Allen focused on his top five characteristics. His computer was showing the dynamic virtue inclinations he commonly exhibited, adjusting their standings on his chart as it responded to his bio-feedback. His top five strengths were Social Intelligence, Gratitude, Leadership, the Capacity for Love, and Humor and Playfulness.
The leadership is what was frustrating him the most. There was simply too much faction right now in each of the two opposing sides for someone who lacked fame to steer the cultural boat. He had thought of joining the Violents, but it was really too much for him just to grab some fame-traction.

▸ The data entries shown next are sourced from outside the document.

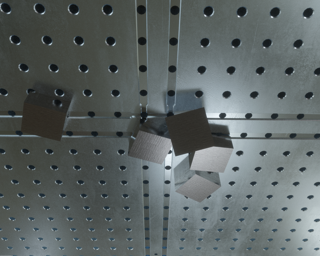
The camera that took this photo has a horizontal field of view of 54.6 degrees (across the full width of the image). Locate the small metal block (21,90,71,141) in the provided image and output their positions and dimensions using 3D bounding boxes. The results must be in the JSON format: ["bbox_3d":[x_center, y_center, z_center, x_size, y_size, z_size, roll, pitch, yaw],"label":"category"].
[{"bbox_3d":[-0.146,-0.015,0.398,0.050,0.025,0.050,15,128,-13],"label":"small metal block"}]

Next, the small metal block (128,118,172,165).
[{"bbox_3d":[-0.012,0.019,0.428,0.050,0.025,0.050,16,128,-14],"label":"small metal block"}]

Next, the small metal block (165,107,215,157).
[{"bbox_3d":[0.037,0.005,0.394,0.050,0.025,0.050,-15,88,2],"label":"small metal block"}]

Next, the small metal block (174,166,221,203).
[{"bbox_3d":[0.058,0.086,0.485,0.050,0.025,0.050,28,125,-22],"label":"small metal block"}]

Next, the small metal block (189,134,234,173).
[{"bbox_3d":[0.071,0.036,0.442,0.050,0.025,0.050,6,130,-6],"label":"small metal block"}]
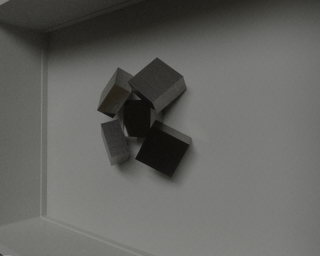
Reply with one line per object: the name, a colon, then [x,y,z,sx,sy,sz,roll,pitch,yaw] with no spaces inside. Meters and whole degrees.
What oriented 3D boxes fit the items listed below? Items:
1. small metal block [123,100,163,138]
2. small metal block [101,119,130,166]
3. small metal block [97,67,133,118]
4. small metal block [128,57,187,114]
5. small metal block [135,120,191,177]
small metal block: [-0.023,-0.013,0.423,0.050,0.025,0.050,2,92,40]
small metal block: [-0.065,0.022,0.443,0.050,0.025,0.050,114,137,-68]
small metal block: [-0.063,-0.050,0.440,0.050,0.025,0.050,-50,23,29]
small metal block: [-0.003,-0.054,0.391,0.050,0.025,0.050,-41,58,-10]
small metal block: [0.004,0.025,0.386,0.050,0.025,0.050,27,110,0]
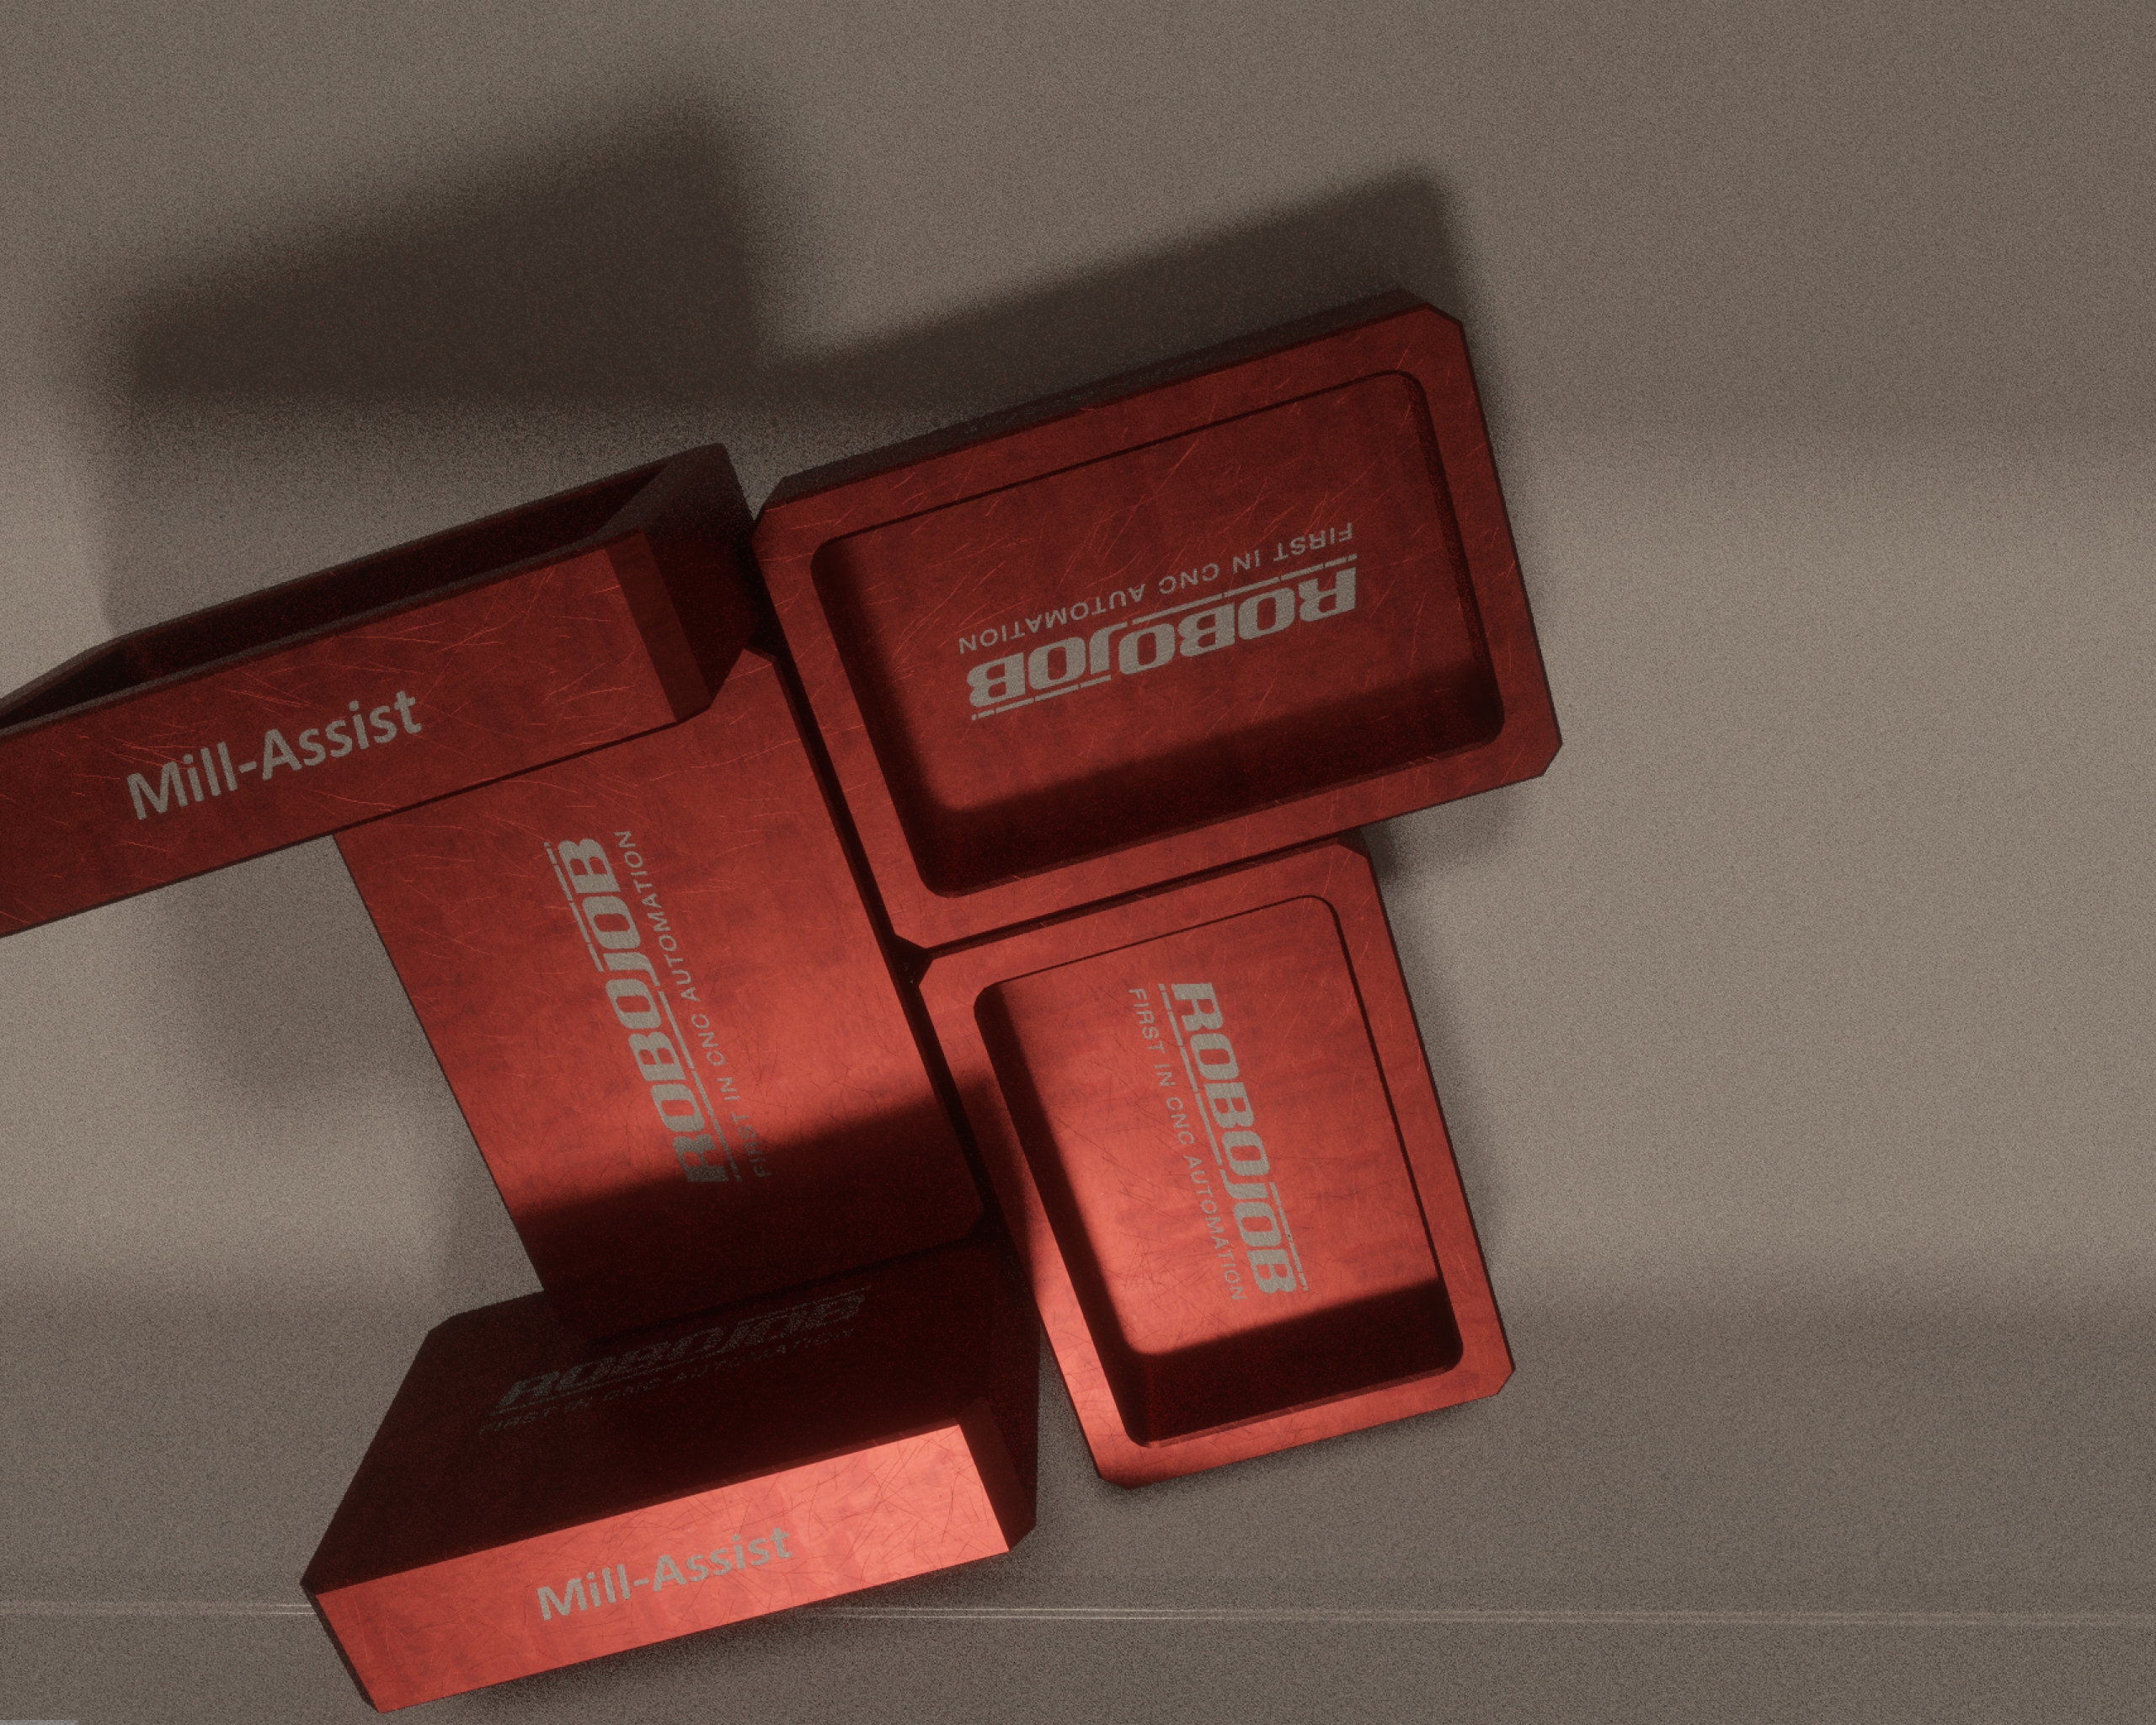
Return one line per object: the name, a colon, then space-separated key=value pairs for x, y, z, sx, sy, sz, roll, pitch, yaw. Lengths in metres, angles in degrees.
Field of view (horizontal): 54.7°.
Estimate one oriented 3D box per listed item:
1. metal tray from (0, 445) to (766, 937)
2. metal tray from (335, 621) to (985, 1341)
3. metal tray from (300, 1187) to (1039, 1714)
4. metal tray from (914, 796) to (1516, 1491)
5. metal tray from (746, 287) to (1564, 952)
metal tray: x=-0.123 y=-0.032 z=0.359 sx=0.131 sy=0.090 sz=0.030 roll=-17 pitch=109 yaw=5
metal tray: x=-0.080 y=0.024 z=0.413 sx=0.090 sy=0.030 sz=0.129 roll=-16 pitch=110 yaw=5
metal tray: x=-0.074 y=0.111 z=0.413 sx=0.131 sy=0.090 sz=0.030 roll=-16 pitch=110 yaw=5
metal tray: x=0.030 y=0.059 z=0.429 sx=0.090 sy=0.030 sz=0.129 roll=-16 pitch=110 yaw=5
metal tray: x=0.015 y=-0.044 z=0.391 sx=0.131 sy=0.030 sz=0.089 roll=-16 pitch=110 yaw=5

And yet he felt like ultimately he understood why each side was being so dramatically defensive. But instead of his social intelligence developing a map to navigate the world through this storm, he was just getting a general sense that this was the way things should be, and that he should let things play out.
But he was not satisfied with his conclusions. There was no threat to the population at large, but this culture clash and the inability for people to understand was causing a huge decline in development. He quickly widdled away a counter that showed the repercussions of the conflict and threw it into the net. It started to climb some of his local groups, but it wasn’t enough to permeate the mass consciousness. Damn.
Ever since the live system for computing personality tendencies had permeated, a renaissance of cooperation had occurred. The effects that cooperative/insular cultures had benefited from in the past, now affected the entire Occupied Territory. The result was a boom in technology and a near end to war.
This current conflict was seen as a hiccup by most people. Allen’s ideas fought both against their opposition, and the worst enemy, Apathy.
Allen sat in contemplation, now watching the war through the window of the station closest to the violent part of the conflict. He sat in quiet meditation and then it came to him. He talked to his Like-Mind group before sending it out. They quickly hammered out a recommendation to turn off the Personality Overlays that offered hyper cooperation.
It was a solution that was oblique to the conflict. It started to pick up traction, surprisingly in the Indifferents. Allen watched as it slowly climbed. Would it breach into the Violents, he wondered. It kept climbing, and as Allen stared out the window, he saw the ships turn off their resonator lasers, and the shields drop away.